Your copy should match the entries below exactly, apart from the images.

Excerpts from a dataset
————————
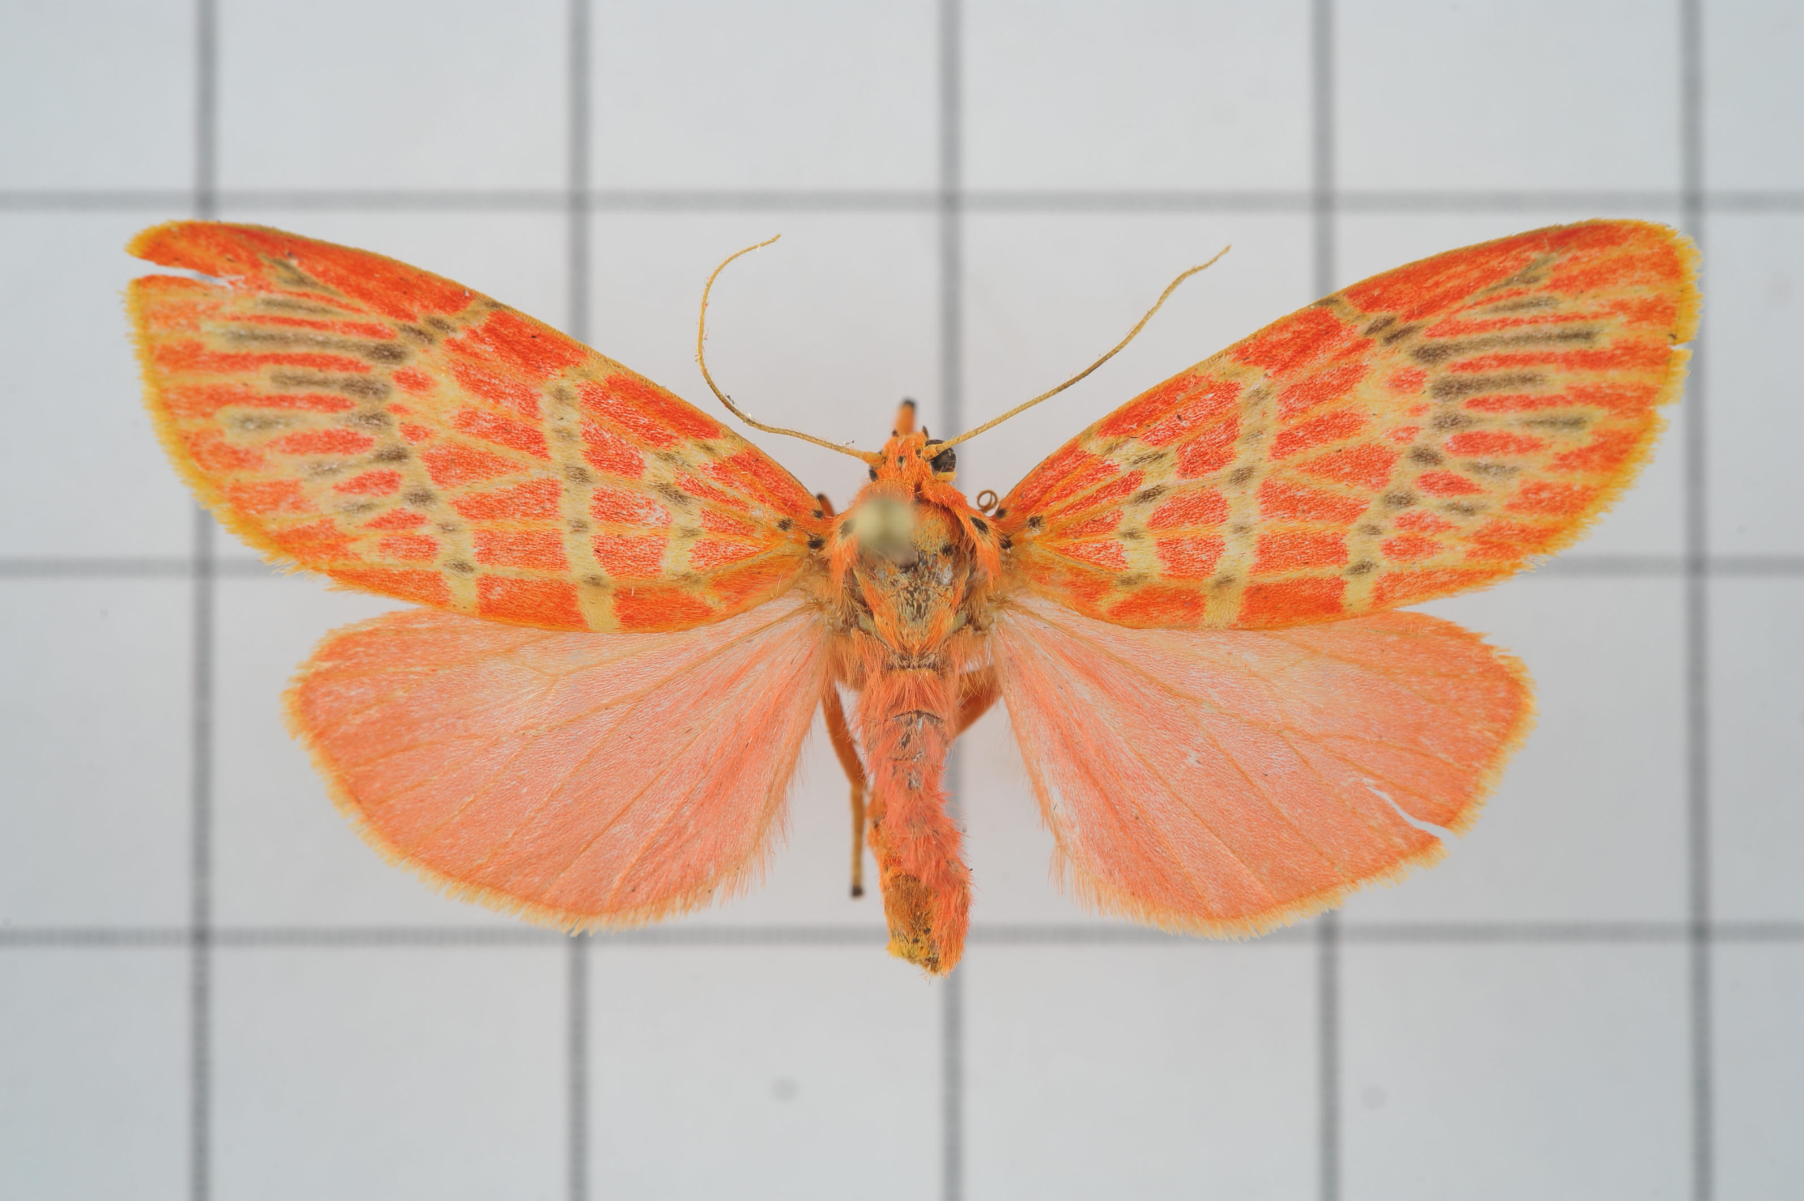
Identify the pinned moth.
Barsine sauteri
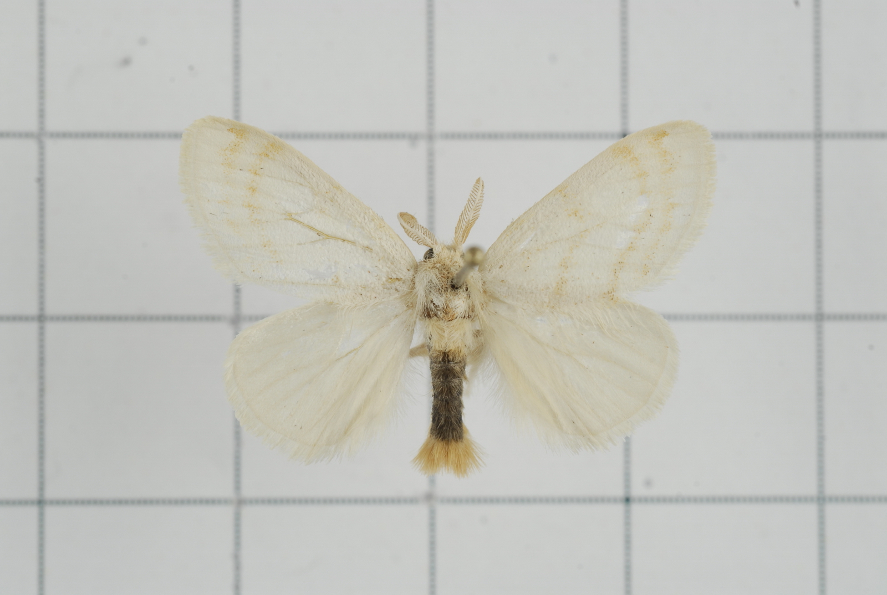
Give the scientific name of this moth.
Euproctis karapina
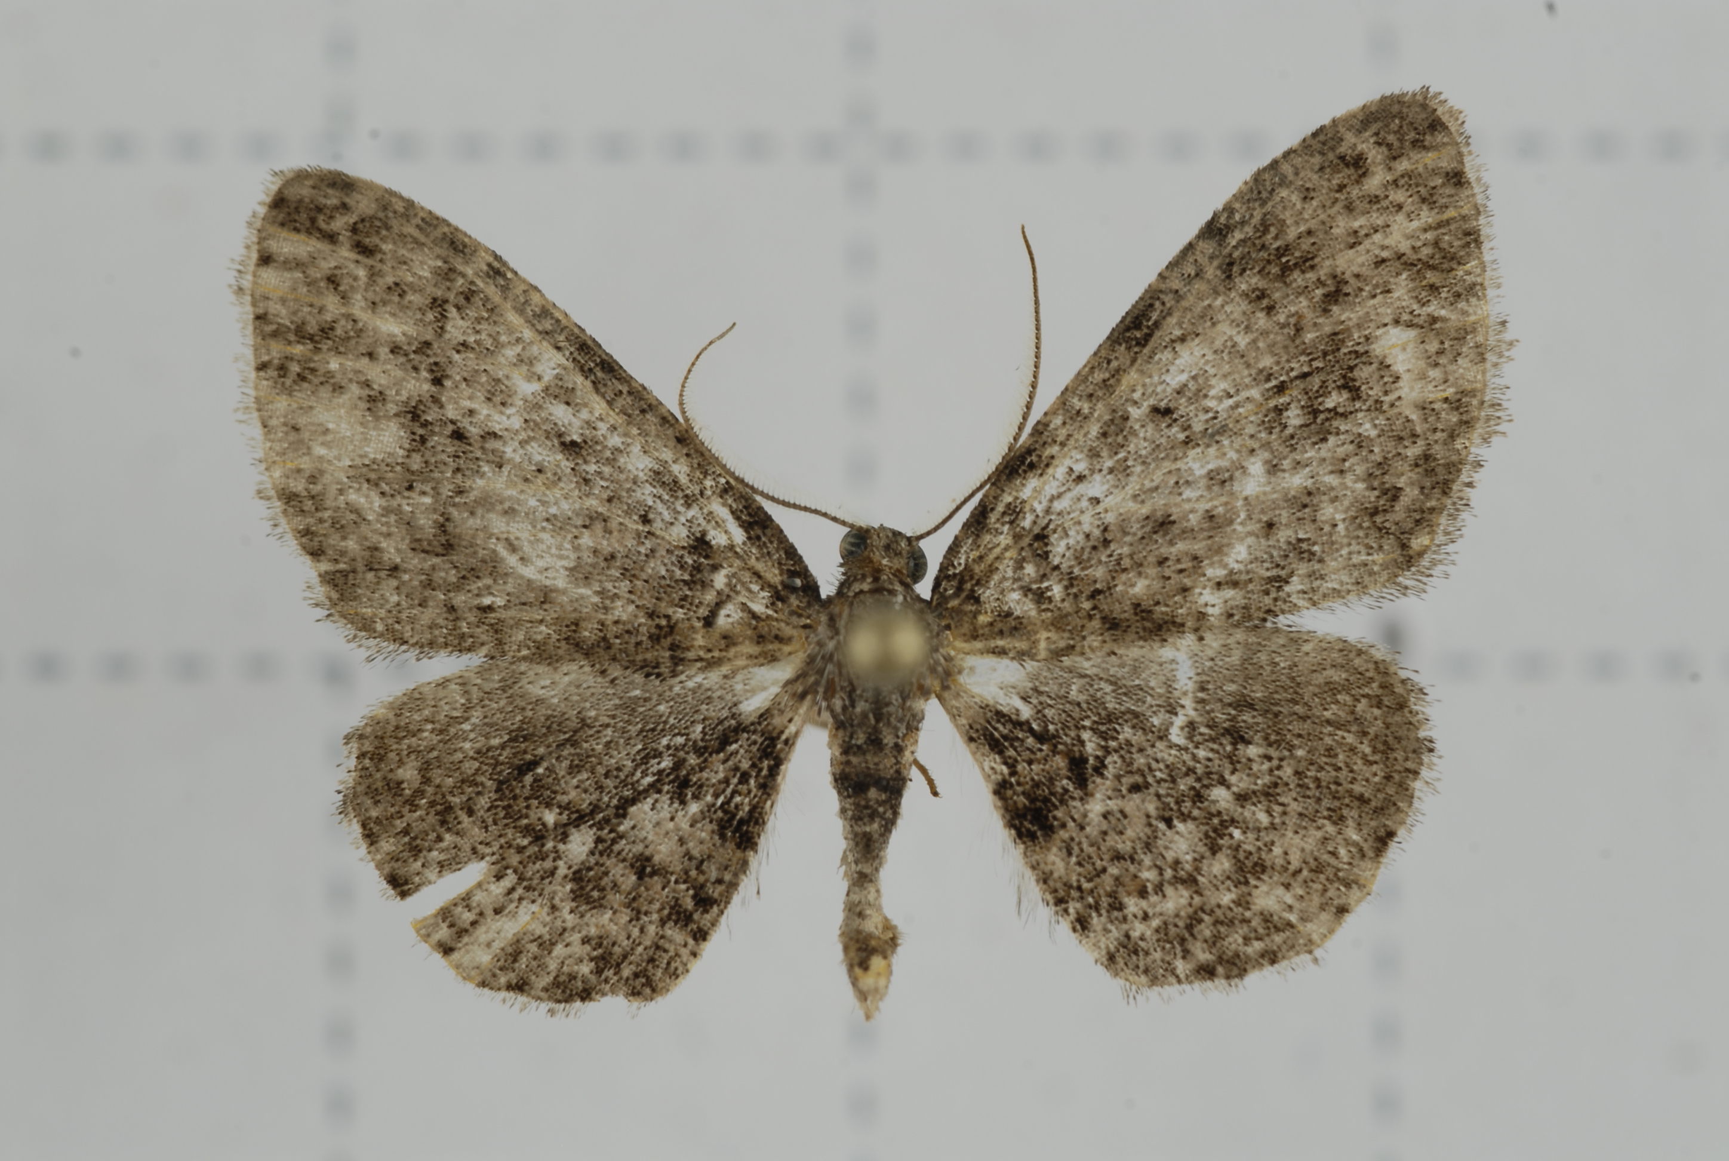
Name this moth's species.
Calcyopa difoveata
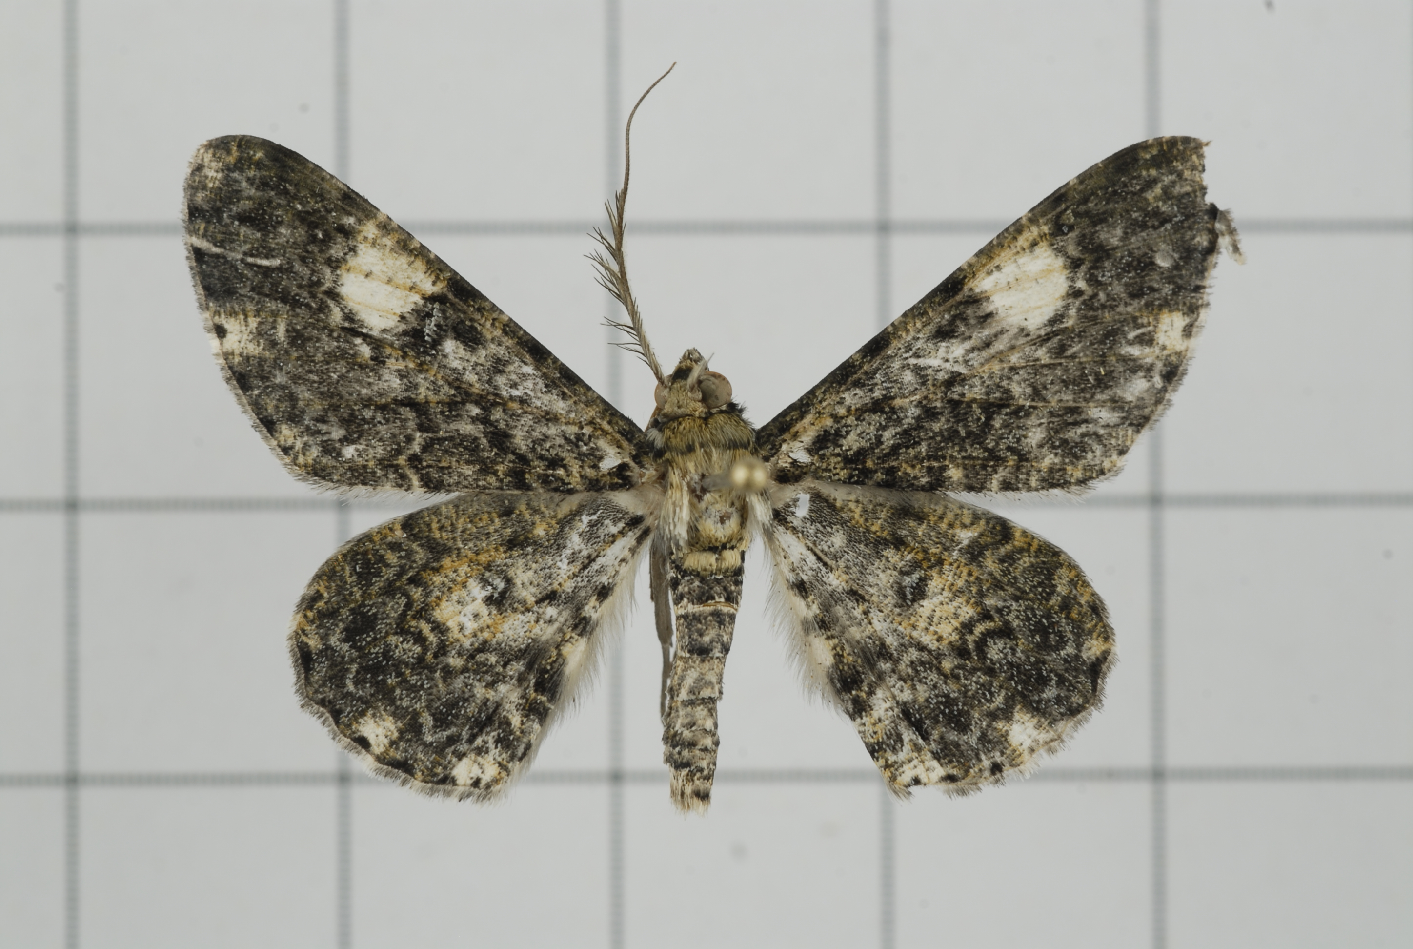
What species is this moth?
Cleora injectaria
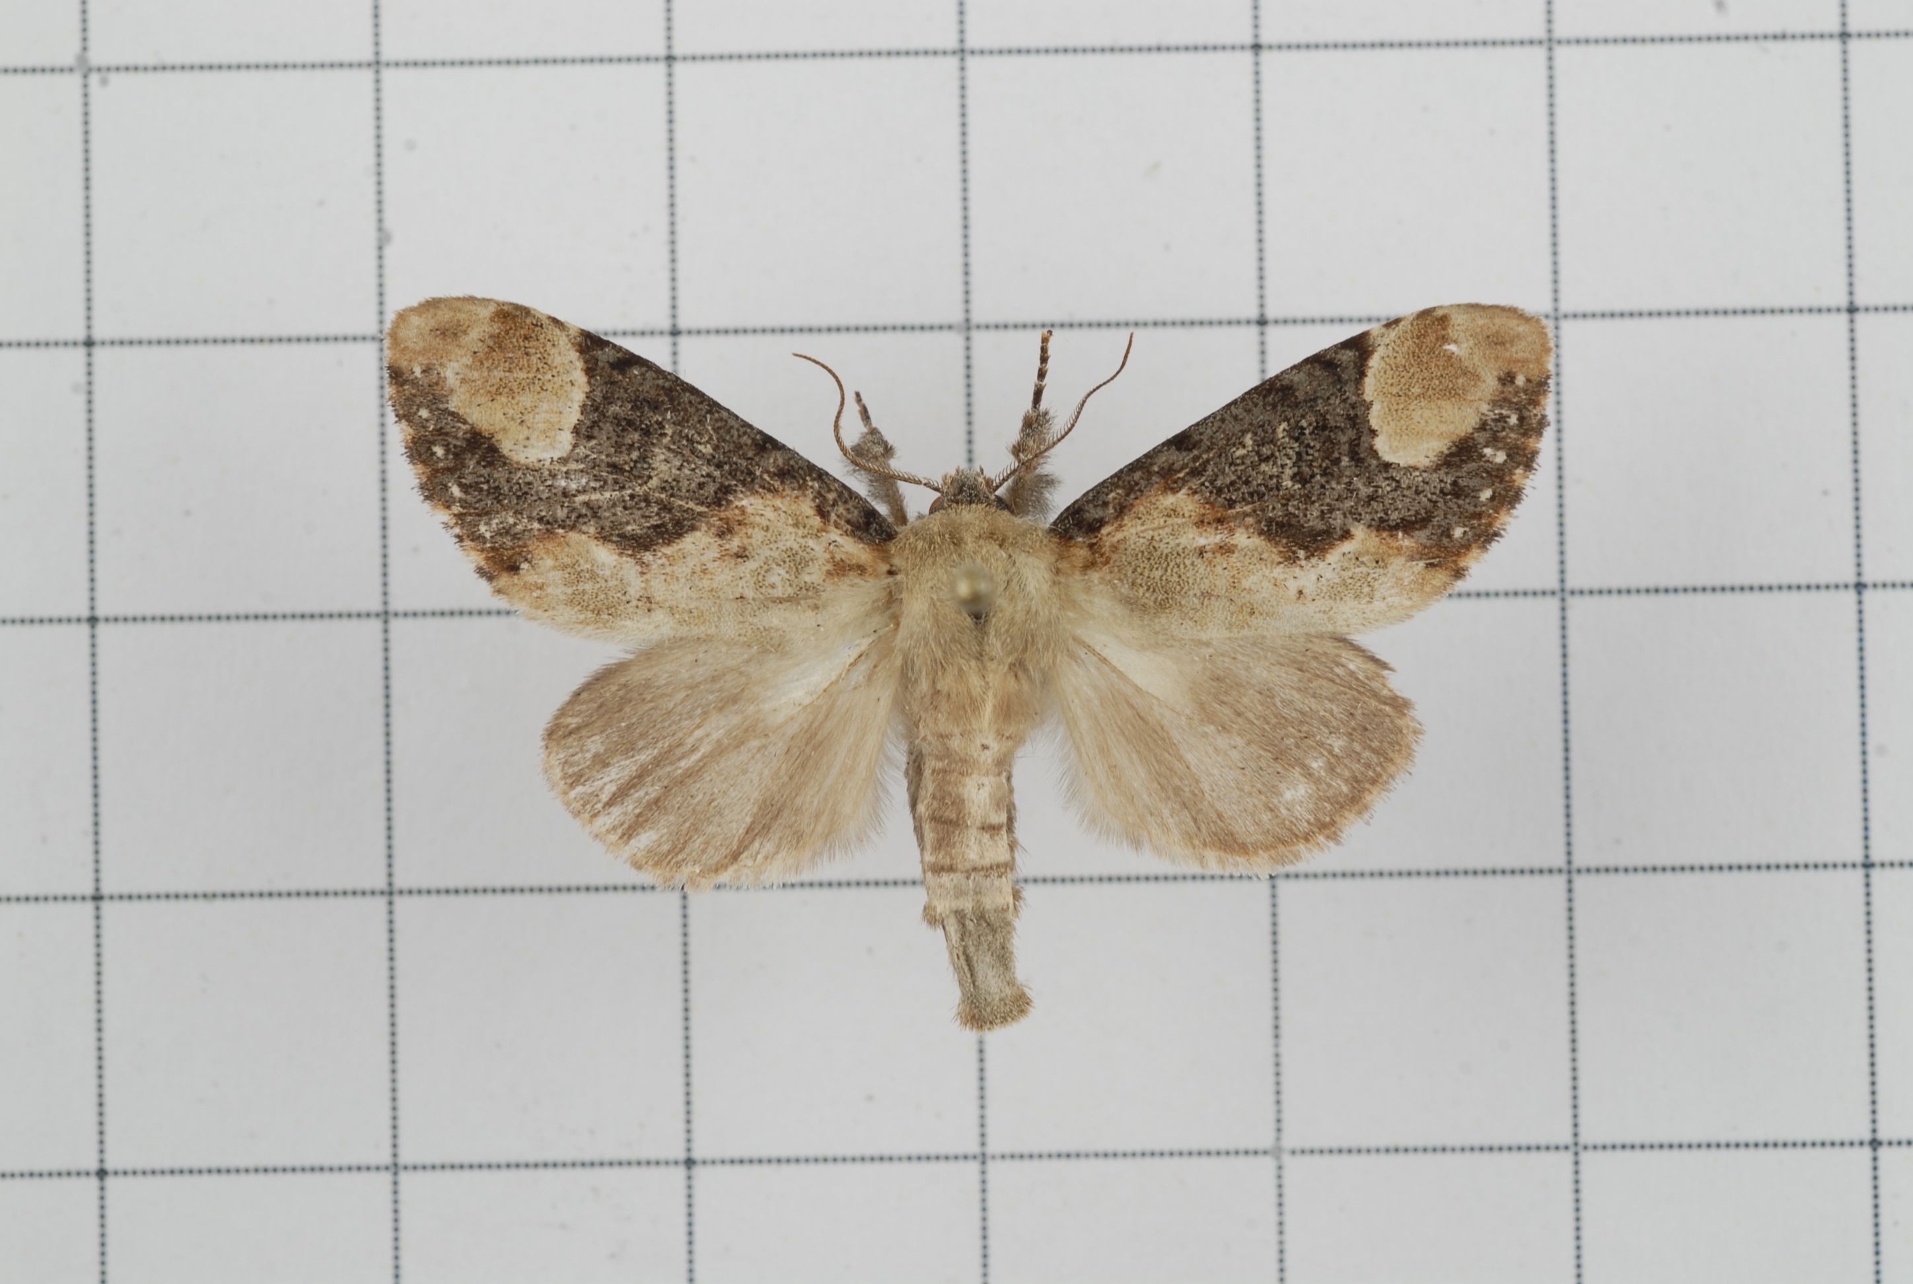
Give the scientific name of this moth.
————————
— TASK RESPONSE —
Identify the pinned moth.
Barsine sauteri
Give the scientific name of this moth.
Euproctis karapina
Name this moth's species.
Calcyopa difoveata
What species is this moth?
Cleora injectaria
Give the scientific name of this moth.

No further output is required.